7D-Clarin-Argentina

Javier Jorquera,

Correspondent (South America)

 

BUENOS AIRES - Many people were expecting the 7D (for December 7) on which the monopoly Clarín were to give up some of their licenses and comply with the new law in effect since 2009. But none of this happened, because on December 6 the Supreme Court set out its judgement . It extended the term of the injunction, that meant that the Articles 45 and 161 of the new law would continue on stand by, and the Clarin Grop would remain being the largest mass media monopoly of Argentina.

Given this situation, the Argentine government decided to submit a “per saltum”. Legally, per saltum is the possibility of a higher court to intervene ex officio or upon request of a party, in the knowledge of court cases bypassing the normal stages of intervention of the courts of first and second instance. But Judge Alfonso declared constitutional the New Media Law 26,522 holding that there was no justification to declare the law unconstitutional and that if Clarín felt affected by the application of the law, it could seek compensation. Although the judgement is firm, it is not final, which means that is approved in the first instance.
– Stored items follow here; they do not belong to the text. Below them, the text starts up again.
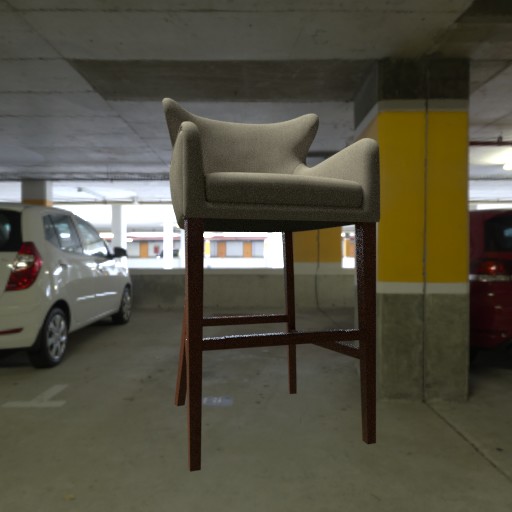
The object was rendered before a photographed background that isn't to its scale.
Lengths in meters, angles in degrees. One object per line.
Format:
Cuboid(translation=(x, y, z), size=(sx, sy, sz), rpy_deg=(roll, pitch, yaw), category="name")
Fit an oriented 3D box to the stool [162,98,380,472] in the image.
Cuboid(translation=(0.000, 0.000, 1.425), size=(0.575, 1.047, 0.575), rpy_deg=(0, 0, -18), category="stool")
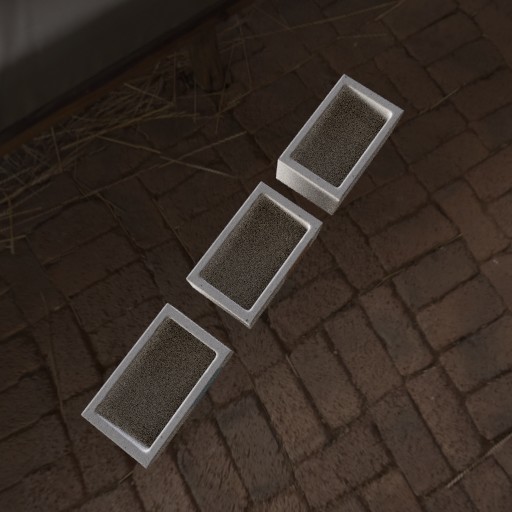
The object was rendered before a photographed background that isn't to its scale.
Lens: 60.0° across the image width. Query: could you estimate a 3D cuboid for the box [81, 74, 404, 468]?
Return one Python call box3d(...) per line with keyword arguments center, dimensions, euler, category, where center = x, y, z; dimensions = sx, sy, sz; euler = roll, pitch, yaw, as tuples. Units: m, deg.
box3d(center=(0.000, 0.000, 0.488), dimensions=(0.082, 0.051, 0.461), euler=(35, 79, 8), category="box")
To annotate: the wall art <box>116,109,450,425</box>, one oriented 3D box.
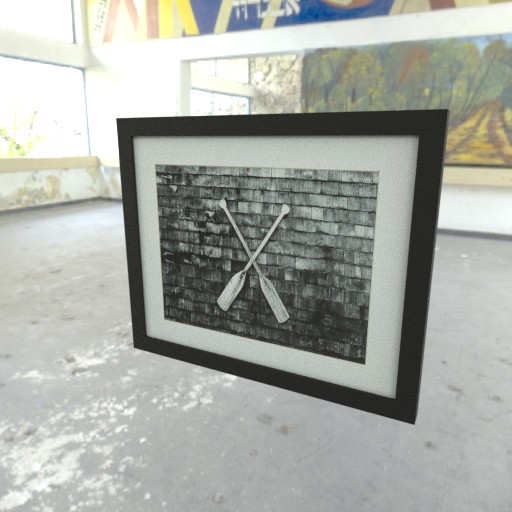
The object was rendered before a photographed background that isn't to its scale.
[{"bbox_3d":[0.000,0.000,0.751,0.558,0.457,0.029,8,17,26],"label":"wall art"}]
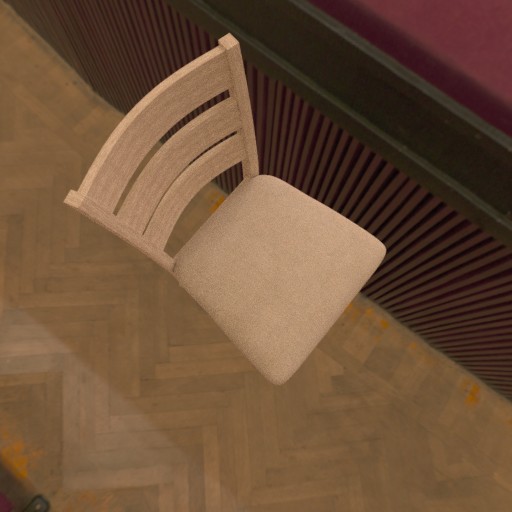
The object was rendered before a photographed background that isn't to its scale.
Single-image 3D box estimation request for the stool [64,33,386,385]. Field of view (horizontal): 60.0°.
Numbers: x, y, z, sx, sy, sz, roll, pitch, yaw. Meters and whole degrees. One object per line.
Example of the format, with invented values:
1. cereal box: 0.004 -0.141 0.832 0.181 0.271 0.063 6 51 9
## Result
1. stool: 0.000 0.000 1.273 0.569 1.032 0.484 39 80 8
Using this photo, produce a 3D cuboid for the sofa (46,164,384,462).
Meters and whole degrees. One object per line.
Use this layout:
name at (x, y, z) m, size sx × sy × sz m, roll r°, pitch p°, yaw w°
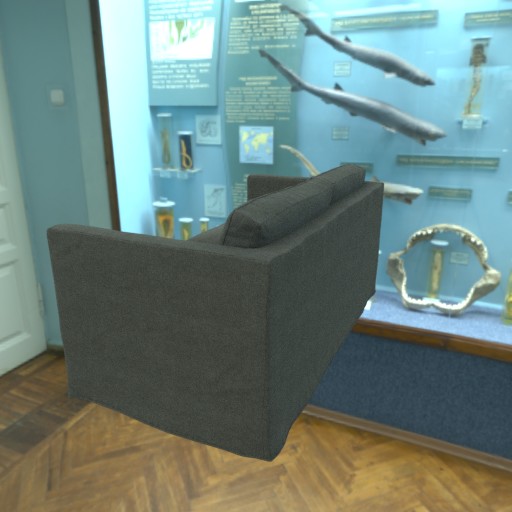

However, in the last hours, the Supreme Court rejected the request per saltum made by the government, which means a new shelter for the Clarin Group and therefore, the extension of the injunction without having the articles in question reviewed. Moreover, the holder of AFSCA, Martín Sabatella, requested that the judicial fair (time of vacations) was enabled in order to decide the law’s destiny.

But between appeals of either sides, one might as well ask how acceptable is that a law in effect since 2009 and that was discussed and approved by the legislature cannot enjoy full force due to the constraints of powerful monopolies?